The initial management of seriously injured patients consists of performing the primary survey (the “ABCs”—Airway with cervical spine protection, Breathing, and Circulation); the goals of the primary survey are to identify and treat conditions that constitute an immediate threat to life.
All patients with blunt injury should be assumed to have unstable cervical spine injuries until proven otherwise; one must maintain cervical spine precautions and in-line stabilization.
Patients with ongoing hemodynamic instability, whether “nonresponders” or “transient responders,” require prompt intervention; one must consider the four categories of shock that may represent the underlying pathophysiology: hemorrhagic, cardiogenic, neurogenic, and septic.
Indications for immediate operative intervention for penetrating cervical injury include hemodynamic instability and significant external arterial hemorrhage; the management algorithm for hemodynamically stable patients is based on the presenting symptoms and anatomic location of injury, with the neck being divided into three distinct zones.
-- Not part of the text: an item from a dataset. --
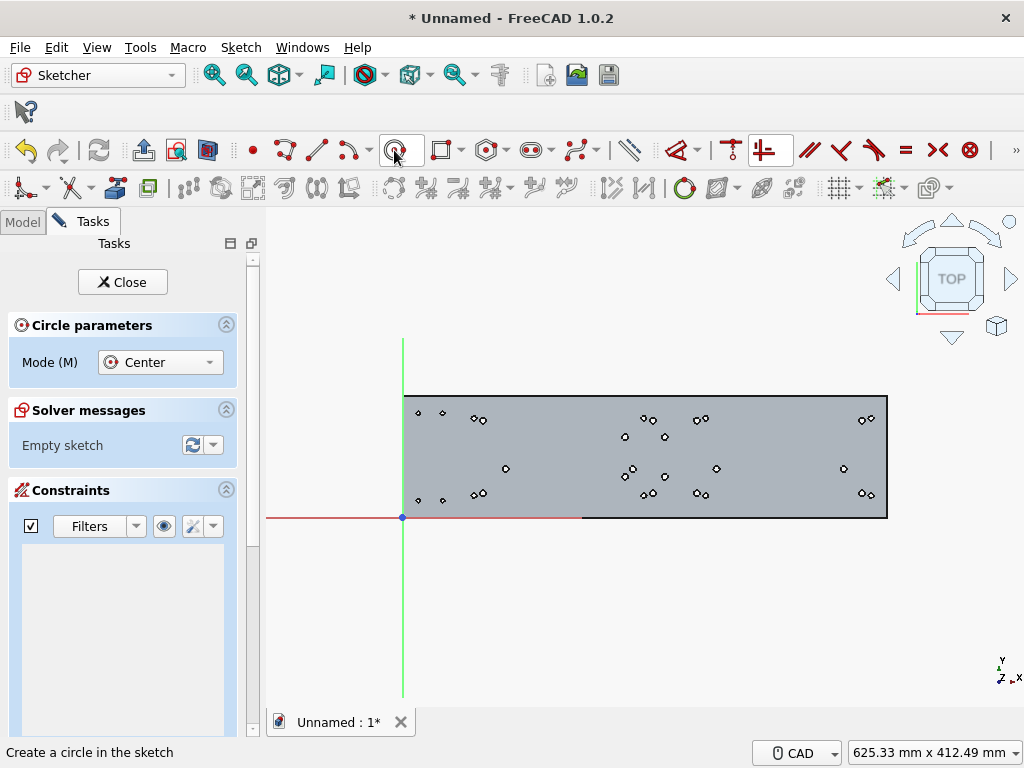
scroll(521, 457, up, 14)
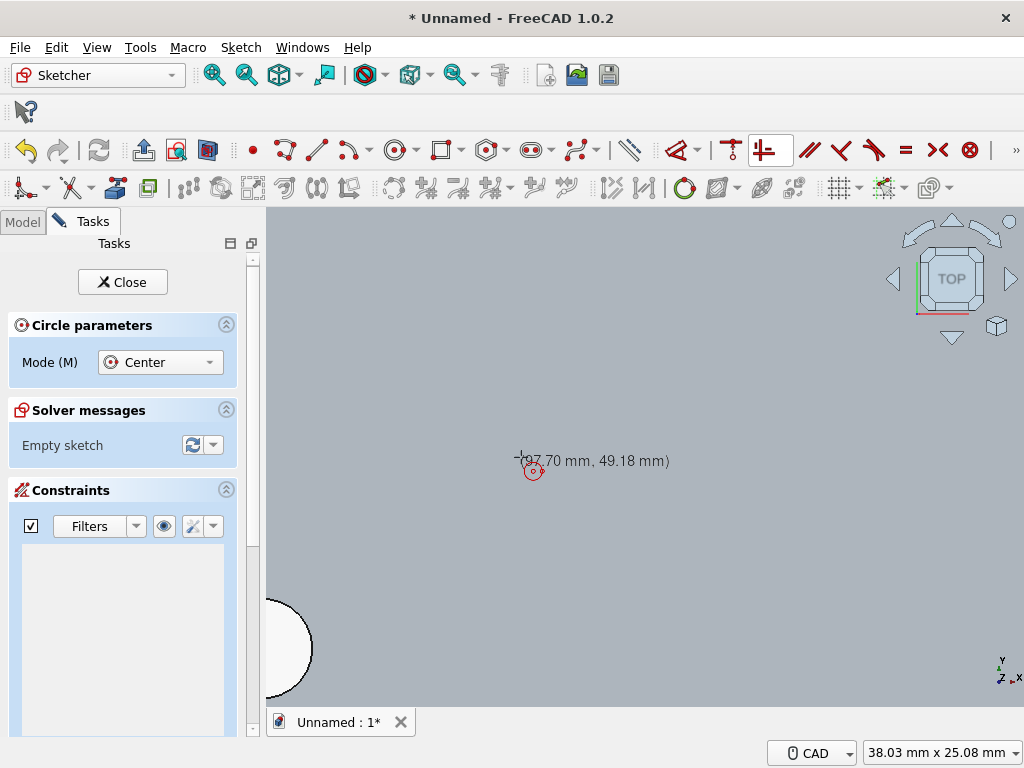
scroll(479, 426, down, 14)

The gold standard for determining if there is a blunt descending torn aorta injury is CT scanning; indications are primarily based on injury mechanisms.
The abdomen is a diagnostic black box. However, physical examination and ultrasound can rapidly identify patients requiring emergent laparotomy. Computed tomographic (CT) scanning is the mainstay of evaluation in the remaining patients to more precisely identify the site and magnitude of injury.
Manifestation of the “bloody vicious cycle” (the lethal combination of coagulopathy, hypothermia, and metabolic acidosis) is the most common indication for damage control surgery. The primary objectives of damage control laparotomy are to control bleeding and limit GI spillage.
Blunt injuries to the carotid and vertebral arteries are usually managed with systemic antithrombotic therapy.
The abdominal compartment syndrome may be primary (i.e., due to the injury of abdominal organs, bleeding, and packing) or secondary (i.e., due to reperfusion visceral edema, retroperitoneal edema, and ascites).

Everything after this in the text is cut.